Copy every line of the listing exactly.

Top of Data records

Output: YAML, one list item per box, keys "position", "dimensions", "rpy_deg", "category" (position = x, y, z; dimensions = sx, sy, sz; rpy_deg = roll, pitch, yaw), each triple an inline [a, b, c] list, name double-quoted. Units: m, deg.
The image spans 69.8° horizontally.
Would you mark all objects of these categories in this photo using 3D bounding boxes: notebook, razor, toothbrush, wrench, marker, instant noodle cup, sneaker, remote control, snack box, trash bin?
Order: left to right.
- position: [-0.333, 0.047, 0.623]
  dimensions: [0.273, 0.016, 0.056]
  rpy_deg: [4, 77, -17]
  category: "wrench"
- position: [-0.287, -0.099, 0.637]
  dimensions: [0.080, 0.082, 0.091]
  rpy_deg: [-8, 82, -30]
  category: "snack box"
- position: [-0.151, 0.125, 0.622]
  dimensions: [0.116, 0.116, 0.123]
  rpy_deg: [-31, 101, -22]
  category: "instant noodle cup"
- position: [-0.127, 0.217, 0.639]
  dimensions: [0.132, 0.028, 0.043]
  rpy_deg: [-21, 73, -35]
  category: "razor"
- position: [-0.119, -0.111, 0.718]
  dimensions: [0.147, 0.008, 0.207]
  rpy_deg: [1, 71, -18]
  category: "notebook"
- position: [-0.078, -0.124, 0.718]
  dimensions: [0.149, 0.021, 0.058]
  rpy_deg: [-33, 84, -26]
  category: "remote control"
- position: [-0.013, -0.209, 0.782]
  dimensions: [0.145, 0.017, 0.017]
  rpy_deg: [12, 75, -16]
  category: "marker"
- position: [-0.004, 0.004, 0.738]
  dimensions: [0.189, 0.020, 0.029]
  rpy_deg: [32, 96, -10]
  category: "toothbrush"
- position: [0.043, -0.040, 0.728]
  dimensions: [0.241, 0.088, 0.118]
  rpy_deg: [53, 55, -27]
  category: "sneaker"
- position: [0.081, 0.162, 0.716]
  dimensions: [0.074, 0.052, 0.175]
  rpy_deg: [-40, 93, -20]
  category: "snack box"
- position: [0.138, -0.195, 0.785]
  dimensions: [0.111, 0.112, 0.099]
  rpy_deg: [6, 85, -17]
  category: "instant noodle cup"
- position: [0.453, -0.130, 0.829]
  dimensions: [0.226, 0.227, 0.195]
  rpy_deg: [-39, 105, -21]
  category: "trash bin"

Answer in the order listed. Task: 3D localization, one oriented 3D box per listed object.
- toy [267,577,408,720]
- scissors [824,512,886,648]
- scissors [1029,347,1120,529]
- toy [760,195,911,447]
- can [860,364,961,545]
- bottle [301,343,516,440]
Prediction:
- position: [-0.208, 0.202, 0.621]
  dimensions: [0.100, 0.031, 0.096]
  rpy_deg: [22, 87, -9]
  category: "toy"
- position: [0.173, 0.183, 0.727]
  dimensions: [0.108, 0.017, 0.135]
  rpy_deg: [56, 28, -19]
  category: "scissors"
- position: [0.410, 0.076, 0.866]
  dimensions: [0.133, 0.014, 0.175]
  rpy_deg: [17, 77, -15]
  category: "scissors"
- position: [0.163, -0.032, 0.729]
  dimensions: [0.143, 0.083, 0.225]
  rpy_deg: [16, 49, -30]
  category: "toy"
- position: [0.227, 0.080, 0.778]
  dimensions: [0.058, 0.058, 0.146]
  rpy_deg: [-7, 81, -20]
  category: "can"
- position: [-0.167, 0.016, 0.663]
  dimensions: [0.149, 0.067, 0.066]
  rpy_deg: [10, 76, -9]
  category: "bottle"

Bottom of Data records

== Answer ==
Output: YAML, one list item per box, keys "position", "dimensions", "rpy_deg", "category" (position = x, y, z; dimensions = sx, sy, sz; rpy_deg = roll, pitch, yaw), each triple an inline [a, b, c] list, name double-quoted. Units: m, deg.
The image spans 69.8° horizontally.
Would you mark all objects of these categories in this photo using 3D bounding boxes: notebook, razor, toothbrush, wrench, marker, instant noodle cup, sneaker, remote control, snack box, trash bin?
Order: left to right.
- position: [-0.333, 0.047, 0.623]
  dimensions: [0.273, 0.016, 0.056]
  rpy_deg: [4, 77, -17]
  category: "wrench"
- position: [-0.287, -0.099, 0.637]
  dimensions: [0.080, 0.082, 0.091]
  rpy_deg: [-8, 82, -30]
  category: "snack box"
- position: [-0.151, 0.125, 0.622]
  dimensions: [0.116, 0.116, 0.123]
  rpy_deg: [-31, 101, -22]
  category: "instant noodle cup"
- position: [-0.127, 0.217, 0.639]
  dimensions: [0.132, 0.028, 0.043]
  rpy_deg: [-21, 73, -35]
  category: "razor"
- position: [-0.119, -0.111, 0.718]
  dimensions: [0.147, 0.008, 0.207]
  rpy_deg: [1, 71, -18]
  category: "notebook"
- position: [-0.078, -0.124, 0.718]
  dimensions: [0.149, 0.021, 0.058]
  rpy_deg: [-33, 84, -26]
  category: "remote control"
- position: [-0.013, -0.209, 0.782]
  dimensions: [0.145, 0.017, 0.017]
  rpy_deg: [12, 75, -16]
  category: "marker"
- position: [-0.004, 0.004, 0.738]
  dimensions: [0.189, 0.020, 0.029]
  rpy_deg: [32, 96, -10]
  category: "toothbrush"
- position: [0.043, -0.040, 0.728]
  dimensions: [0.241, 0.088, 0.118]
  rpy_deg: [53, 55, -27]
  category: "sneaker"
- position: [0.081, 0.162, 0.716]
  dimensions: [0.074, 0.052, 0.175]
  rpy_deg: [-40, 93, -20]
  category: "snack box"
- position: [0.138, -0.195, 0.785]
  dimensions: [0.111, 0.112, 0.099]
  rpy_deg: [6, 85, -17]
  category: "instant noodle cup"
- position: [0.453, -0.130, 0.829]
  dimensions: [0.226, 0.227, 0.195]
  rpy_deg: [-39, 105, -21]
  category: "trash bin"

Answer in the order listed. Task: 3D localization, one oriented 3D box per listed object.
- toy [267,577,408,720]
- scissors [824,512,886,648]
- scissors [1029,347,1120,529]
- toy [760,195,911,447]
- can [860,364,961,545]
- bottle [301,343,516,440]
Prediction:
- position: [-0.208, 0.202, 0.621]
  dimensions: [0.100, 0.031, 0.096]
  rpy_deg: [22, 87, -9]
  category: "toy"
- position: [0.173, 0.183, 0.727]
  dimensions: [0.108, 0.017, 0.135]
  rpy_deg: [56, 28, -19]
  category: "scissors"
- position: [0.410, 0.076, 0.866]
  dimensions: [0.133, 0.014, 0.175]
  rpy_deg: [17, 77, -15]
  category: "scissors"
- position: [0.163, -0.032, 0.729]
  dimensions: [0.143, 0.083, 0.225]
  rpy_deg: [16, 49, -30]
  category: "toy"
- position: [0.227, 0.080, 0.778]
  dimensions: [0.058, 0.058, 0.146]
  rpy_deg: [-7, 81, -20]
  category: "can"
- position: [-0.167, 0.016, 0.663]
  dimensions: [0.149, 0.067, 0.066]
  rpy_deg: [10, 76, -9]
  category: "bottle"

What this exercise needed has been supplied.